And when you are a car dealer and you sell both Volkswagens and Porsches, and you suddenly see that you basically sell three Volkswagens a month and ten Porsches, then either you have rich clients and you live in Beverly Hills,
or something is wrong with your data warehouse, right? So distribution is a nice mirror to look into to see what happens with your data. Of course, there are much more distributions. You can investigate and fit over your data and
see which fits actually to your data, Pareto, Poisson, S distribution, and so on. There are also statistical software solutions. The most used is the SPSS. This is not an open source solution. I'm usually mentioning throughout our detours what is open source and
what's not maybe if you want to try at home. So you have the possibility to, for example, can be used freely for something like this. Okay, we've spoken then about the data cleaning part of the data transformation.

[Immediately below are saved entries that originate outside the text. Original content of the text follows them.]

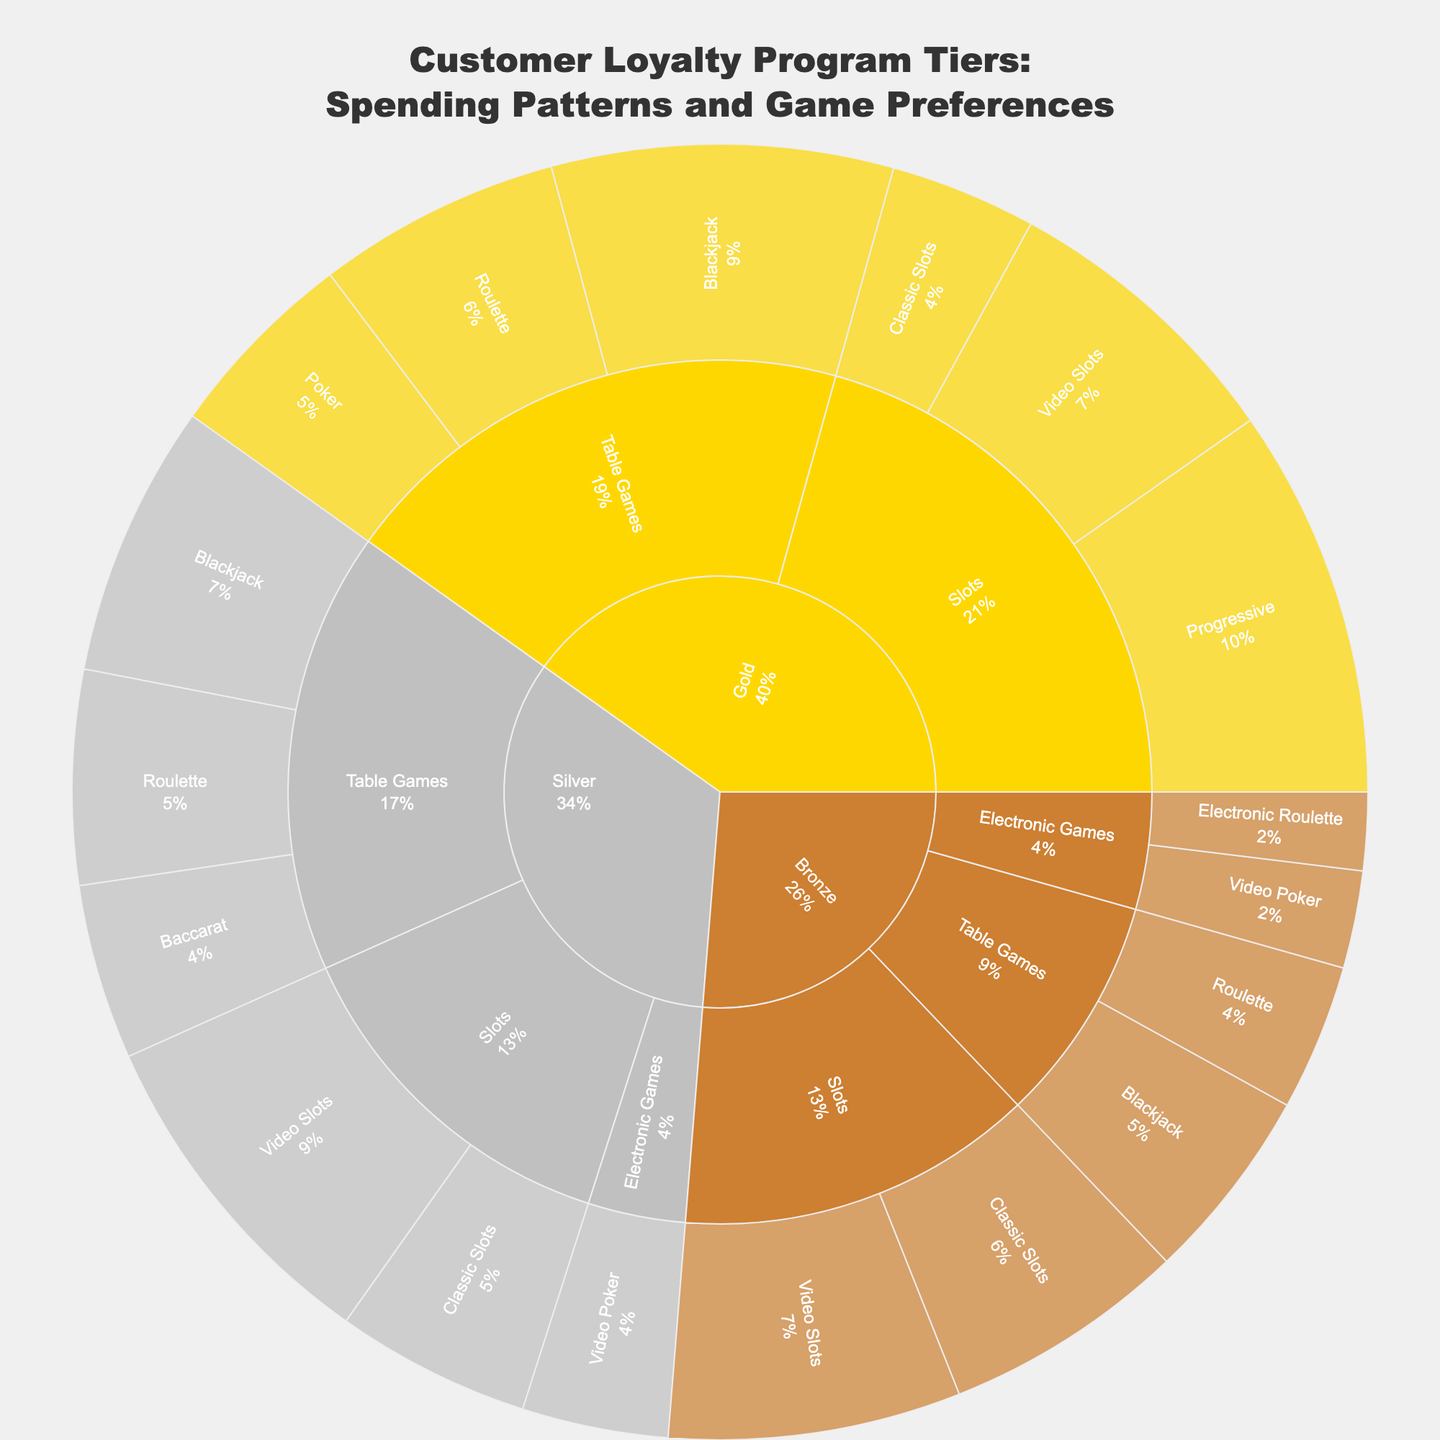What is the most common game preference for Gold tier customers? The sunburst plot shows the spending on various games across different loyalty tiers. Under Gold tier customers, the largest segment is for Progressive Slots.
Answer: Progressive Slots How much do Silver tier customers spend on Table Games? The plot shows different segments for Silver tier customers based on game type and specific game. Adding up the values spent on Blackjack, Roulette, and Baccarat will give the total for Table Games: 28 (Blackjack) + 22 (Roulette) + 18 (Baccarat) = 68.
Answer: 68 Which tier has the highest spending on Classic Slots? The plot shows spending on Classic Slots for different tiers. For Classic Slots, the spending is 15 for Gold, 20 for Silver, and 25 for Bronze.
Answer: Bronze Compare the spending on Video Poker between Silver and Bronze tiers. Which is higher? The plot shows that Silver tier customers spend 15 on Video Poker, while Bronze tier customers spend 10 on Video Poker.
Answer: Silver What percentage of total Gold tier spending is on Table Games? First, add the total spending for Gold tier: 35 (Blackjack) + 25 (Roulette) + 20 (Poker) + 40 (Progressive Slots) + 30 (Video Slots) + 15 (Classic Slots). Then calculate the total spending on Table Games: 35 + 25 + 20. The percentage is (35 + 25 + 20) / (35 + 25 + 20 + 40 + 30 + 15) = 80 / 165 ≈ 48.48%.
Answer: 48.48% What is the most popular game category across all tiers? Summing up the values for all game categories across all tiers: Table Games, Slots, and Electronic Games. The plot shows that the largest combined value belongs to Slots.
Answer: Slots What is the combined spending on Roulette across all tiers? The plot shows Roulette spending as 25 (Gold) + 22 (Silver) + 15 (Bronze). Summing these gives 25 + 22 + 15 = 62.
Answer: 62 Which specific game within Table Games has the highest spending among all tiers? The plot shows that within Table Games, Blackjack has the highest value across different tiers. Adding up Blackjack spending gives 35 (Gold) + 28 (Silver) + 20 (Bronze) = 83.
Answer: Blackjack What is the distribution of spending between different Slot types within the Bronze tier? The plot shows three segments for Slots spending within Bronze: 30 (Video Slots), 25 (Classic Slots). To get the distribution, find the total spending on Slots: 30 (Video Slots) + 25 (Classic Slots) = 55. Then, calculate the percentages: Video Slots = 30/55 ≈ 54.55%, Classic Slots = 25/55 ≈ 45.45%.
Answer: Video Slots: 54.55%, Classic Slots: 45.45% How does the spending on Progressive Slots in the Gold tier compare to the total spending on Electronic Games in the Bronze tier? The plot shows Progressive Slots spending in the Gold tier as 40, and for Bronze tier, Video Poker (Electronic Games) is 10, and Electronic Roulette is 8, totalling 10+8=18. Comparing the two values shows that Progressive Slots spending in the Gold tier is higher.
Answer: Progressive Slots in Gold is higher

We will start with the second part of data transformation, respectively the integration. The integration comes from the fact that in the operational environment we have different tables, different sources. But the target source is a data warehouse which has a different schema.
It has either a star or a snowflake schema or a derived schema from these two, for example. And in such cases, I then need to integrate the data I have from the operational environment. During the process, I need to resolve all the differences
between the perspectives of the data I have in the operational environment. I also have to be careful not to keep any redundancy.
Let's take a closer look at the integration of schemas. So this process involves actually four steps. The pre-integration analysis, where an analysis is performed in order to see what are the schemas to be integrated.
The schemas to be integrated are then compared, are made conform with each other so that I can use data from two sources which actually is the same data. For example, the sales of products from America with the sales of products from Europe are sales for me in the data warehouse.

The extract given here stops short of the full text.